The High Library sponsored an Open Book Open Film event Tuesday, Oct. 15 at 7 p.m. in collaboration with the Open Book Initiative. The initiative is a campus-wide common reading experience for first-year students. It encompasses a nonfiction reading selection, group discussions and events such as the Open Film screenings.
“Freedom Writers,” a 2007 film starring Hilary Swank, was chosen to be screened at Gibble Auditorium in collaboration with the Open Book initiative this semester. The movie focuses on a new teacher, Erin Gruwell, at a California high school trying to connect with her students. These students are involved in gang activity and street violence. Their teachers and the school’s administration made few efforts to connect with these students or help them improve their education until Gruwell was hired. She took the initiative to give her students reasons to learn and connect with each other. These students took her belief in them and the education she offered and used it to turn their lives around.
John Wood’s Room to Read Foundation focused on improving literacy around the world, specifically in developing countries where education is difficult to come by for one reason or another. “Freedom Writers” focuses on the low education levels in America’s inner cities, showing that the plague of illiteracy and lack of education is not relegated to the developing world. It is rampant in our own country too.
There are many people who do not realize that this country combats the same problems that other countries around the world face. In some cases, the situation in the United States is better. In America, education is compulsory until a student is 16 years of age, at which point they can drop out of school.
We have the No Child Left Behind program, which is meant to improve the academic achievement of the disadvantaged. There are divisions within the country about the effectiveness of such policies, but they do ensure certain standards about American education. Developing countries rarely have such infrastructure. It is difficult for people in these countries to find safe education and the financial stability for continuous education due to the often chaotic nature of politics and daily living in these countries.
The American education system still suffers from similar problems, though. While compulsory education is part of the system, many of the people who drop out are expected to do so, whether because of their attitudes or their backgrounds. Because of this, they are not encouraged to continue their education or to strive to improve themselves or achieve academic prowess.
Underprivileged students in the U.S. tend to deal with just as much adversity as school-aged children in developing countries. Even the ones who strive for an education have a lot of trouble, because of the lack of faith in their abilities or attitudes.
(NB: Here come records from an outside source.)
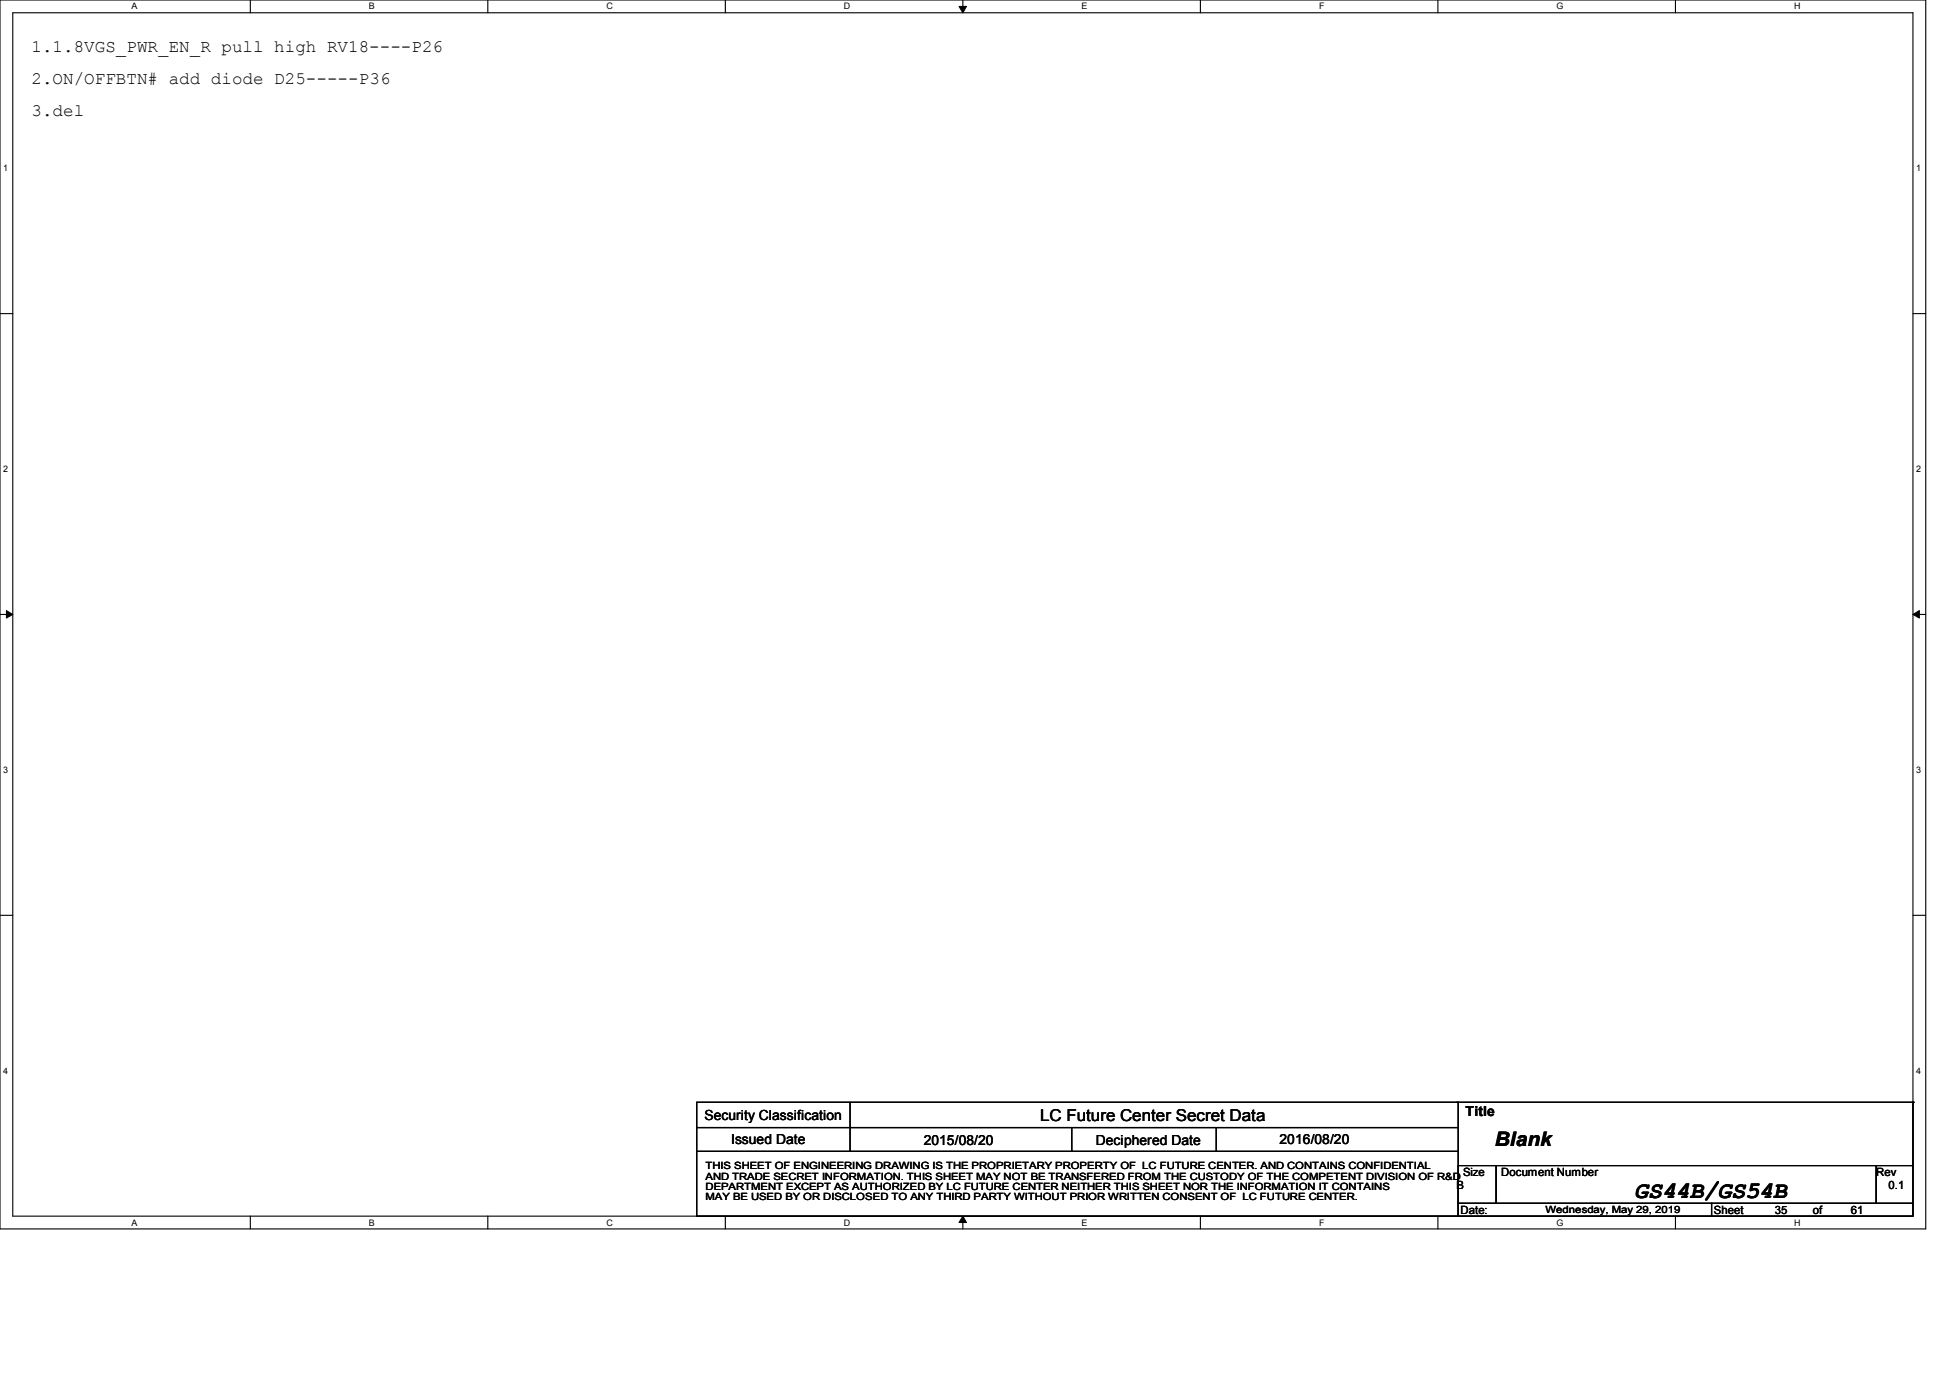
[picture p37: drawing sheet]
<svg xmlns="http://www.w3.org/2000/svg" width="297mm" height="210mm" viewBox="0 0 297 210" stroke-linecap="round" stroke-linejoin="round" font-family="sans-serif">
<defs><g id="words">
<text font-size="3.6" x="249" y="182.5">GS44B/GS54B</text>
<text font-size="3" x="227.8" y="174.6">Blank</text>
<g font-size="2.7">
<text x="4.8" y="8">1.1.8VGS_PWR_EN_R pull high RV18----P26</text>
<text x="4.8" y="12.8">2.ON/OFFBTN# add diode D25-----P36</text>
<text x="4.8" y="17.6">3.del</text>
</g>
<text font-size="2.5" x="158.5" y="170.8">LC Future Center Secret Data</text>
<g font-size="2.1">
<text x="107.4" y="170.7">Security Classification</text>
<text x="223.3" y="170.1">Title</text>
<text x="111.4" y="174.3">Issued Date</text>
<text x="140.8" y="174.5">2015/08/20</text>
<text x="167" y="174.5">Deciphered Date</text>
<text x="195" y="174.3">2016/08/20</text>
</g>
<g font-size="1.7">
<text x="222.9" y="179.2">Size</text>
<text x="228.7" y="179.2">Document Number</text>
<text x="285.9" y="179.2">Rev</text>
<text x="222" y="181.1">B</text>
<text x="222.6" y="185">Date:</text>
<text x="261.2" y="185">Sheet</text>
<text x="270.4" y="185">35</text>
<text x="276.2" y="185">of</text>
<text x="282" y="185">61</text>
<text x="287.8" y="181.1">0.1</text>
</g>
<g font-size="1.5">
<text x="107.5" y="178.2">THIS SHEET OF ENGINEERING DRAWING IS THE PROPRIETARY PROPERTY OF LC FUTURE CENTER. AND CONTAINS CONFIDENTIAL</text>
<text x="107.5" y="179.8">AND TRADE SECRET INFORMATION. THIS SHEET MAY NOT BE TRANSFERED FROM THE CUSTODY OF THE COMPETENT DIVISION OF R&amp;D</text>
<text x="107.5" y="181.4">DEPARTMENT EXCEPT AS AUTHORIZED BY LC FUTURE CENTER NEITHER THIS SHEET NOR THE INFORMATION IT CONTAINS</text>
<text x="107.5" y="182.9">MAY BE USED BY OR DISCLOSED TO ANY THIRD PARTY WITHOUT PRIOR WRITTEN CONSENT OF LC FUTURE CENTER.</text>
<text x="235.5" y="184.8">Wednesday, May 29, 2019</text>
</g>
<g font-size="1.4">
<text x="20" y="1.4">A</text>
<text x="56.2" y="1.4">B</text>
<text x="92.4" y="1.4">C</text>
<text x="128.6" y="1.4">D</text>
<text x="164.8" y="1.4">E</text>
<text x="201" y="1.4">F</text>
<text x="237.2" y="1.4">G</text>
<text x="273.4" y="1.4">H</text>
<text x=".5" y="26.1">1</text>
<text x="292" y="26.1">1</text>
<text x=".5" y="71.9">2</text>
<text x="292" y="71.9">2</text>
<text x=".5" y="117.8">3</text>
<text x="292" y="117.8">3</text>
<text x=".5" y="163.6">4</text>
<text x="292" y="163.6">4</text>
<text x="20" y="186.8">A</text>
<text x="56.2" y="186.8">B</text>
<text x="92.4" y="186.8">C</text>
<text x="128.6" y="186.8">D</text>
<text x="164.8" y="186.8">E</text>
<text x="201" y="186.8">F</text>
<text x="237.2" y="186.8">G</text>
<text x="273.4" y="186.8">H</text>
</g>
</g></defs>
<path d="M0 0h293.5v187.3h-293.5zM1.9 1.9h289.6v183.4h-289.6z" fill="none" stroke="#000" stroke-width=".17"/>
<g fill="#fff">
<path d="M20 .2h.9v1.5h-.9z"/>
<path d="M20 185.5h.9v1.6h-.9z"/>
</g>
<path d="M38.1 0v1.9M38.1 185.3v2" fill="none" stroke="#000" stroke-width=".17"/>
<g fill="#fff">
<path d="M56.2 .2h.9v1.5h-.9z"/>
<path d="M56.2 185.5h.9v1.6h-.9z"/>
</g>
<path d="M74.3 0v1.9M74.3 185.3v2" fill="none" stroke="#000" stroke-width=".17"/>
<g fill="#fff">
<path d="M92.4 .2h1v1.5h-1z"/>
<path d="M92.4 185.5h1v1.6h-1z"/>
</g>
<path d="M110.5 0v1.9M110.5 185.3v2" fill="none" stroke="#000" stroke-width=".17"/>
<g fill="#fff">
<path d="M128.6 .2h1v1.5h-1z"/>
<path d="M128.6 185.5h1v1.6h-1z"/>
</g>
<path d="M146.7 0v1.9M146.7 185.3v2" fill="none" stroke="#000" stroke-width=".17"/>
<path d="M146.1 1h1.2l-.6 .9zM146.7 185.3l.6 1h-1.2z" fill="#000" stroke="#000" stroke-width=".15"/>
<g fill="#fff">
<path d="M164.8 .2h.9v1.5h-.9z"/>
<path d="M164.8 185.5h.9v1.6h-.9z"/>
</g>
<path d="M182.9 0v1.9M182.9 185.3v2" fill="none" stroke="#000" stroke-width=".17"/>
<g fill="#fff">
<path d="M201 .2h.8v1.5h-.8z"/>
<path d="M201 185.5h.8v1.6h-.8z"/>
</g>
<path d="M219.1 0v1.9M219.1 185.3v2" fill="none" stroke="#000" stroke-width=".17"/>
<g fill="#fff">
<path d="M237.2 .2h1.1v1.5h-1.1z"/>
<path d="M237.2 185.5h1.1v1.6h-1.1z"/>
</g>
<path d="M255.3 0v1.9M255.3 185.3v2" fill="none" stroke="#000" stroke-width=".17"/>
<g fill="#fff">
<path d="M273.4 .2h1v1.5h-1z"/>
<path d="M273.4 185.5h1v1.6h-1z"/>
<path d="M.5 24.8h.8v1.6h-.8z"/>
<path d="M292 24.8h.8v1.6h-.8z"/>
<path d="M.5 70.7h.8v1.5h-.8z"/>
<path d="M292 70.7h.8v1.5h-.8z"/>
</g>
<path d="M0 47.8h1.9M291.5 47.8h2" fill="none" stroke="#000" stroke-width=".17"/>
<g fill="#fff">
<path d="M.5 116.5h.8v1.6h-.8z"/>
<path d="M292 116.5h.8v1.6h-.8z"/>
</g>
<path d="M0 93.6h1.9M291.5 93.6h2" fill="none" stroke="#000" stroke-width=".17"/>
<path d="M1 93l.9 .6-.9 .6zM291.5 93.6l1-.6v1.2z" fill="#000" stroke="#000" stroke-width=".15"/>
<g fill="#fff">
<path d="M.5 162.4h.8v1.5h-.8z"/>
<path d="M292 162.4h.8v1.5h-.8z"/>
</g>
<g fill="none" stroke="#000" stroke-width=".17">
<path d="M0 139.5h1.9M291.5 139.5h2M106.2 168h116v3.8h-116zM106.2 171.8h116v3.7h-116zM106.2 175.5h116v9.8h-116zM129.5 171.8h.1M129.5 175.5h.1M129.5 168v7.5M163.3 175.5h.1M163.3 171.8v3.7M185.3 175.5h.1M185.3 171.8v3.7"/>
<path d="M222 168h69.5M222.2 177.6h5.8v5.8h-5.8zM228 177.6h57.9v5.8h-57.9zM285.9 177.6h5.6v5.8h-5.6zM291.5 168h.1M291.5 168v9.6M222.2 183.4h38.6v1.9h-38.6zM260.8 183.4h30.7v1.9h-30.7z"/>
</g>
<use href="#words"/>
</svg>

Those who are supposed to help them instead see only the stereotypes that may surround these students.
The film shows books and education as valuable tools to bring about social change and to help people improve their situations. It also makes clear the fact that the tools are not enough. The people using the tools need to want to use them. The film does a brilliant job showing just how Gruwell got through to her students and how they began to change through the things they learned in the classroom. People need passion to change anything and Gruwell gave her students something to base their passion on by getting them interested in reading.
“Freedom Writers” makes it clear that the problems involved in education systems around the world do not end in developing countries. Many countries around the world deal with problems in their education systems for many different reasons. The film was an important one to show at Etown this semester, because it ties into the literacy focus of “Creating Room to Read.” The film shows exactly how the problems with illiteracy and the lack of education are universal problems with the system and are not relegated to one group of people. Every country has different reasons for the systems it uses, including education systems, and each of these countries has problems just like any other. “Creating Room to Read” offers an important message about aiding education in developing countries, but “Freedom Writers” informs its audience that the developing countries are not the only ones that need aid. The film screened at Etown on Tuesday night reminds us that we need to look close to home to improve our world as well as looking abroad.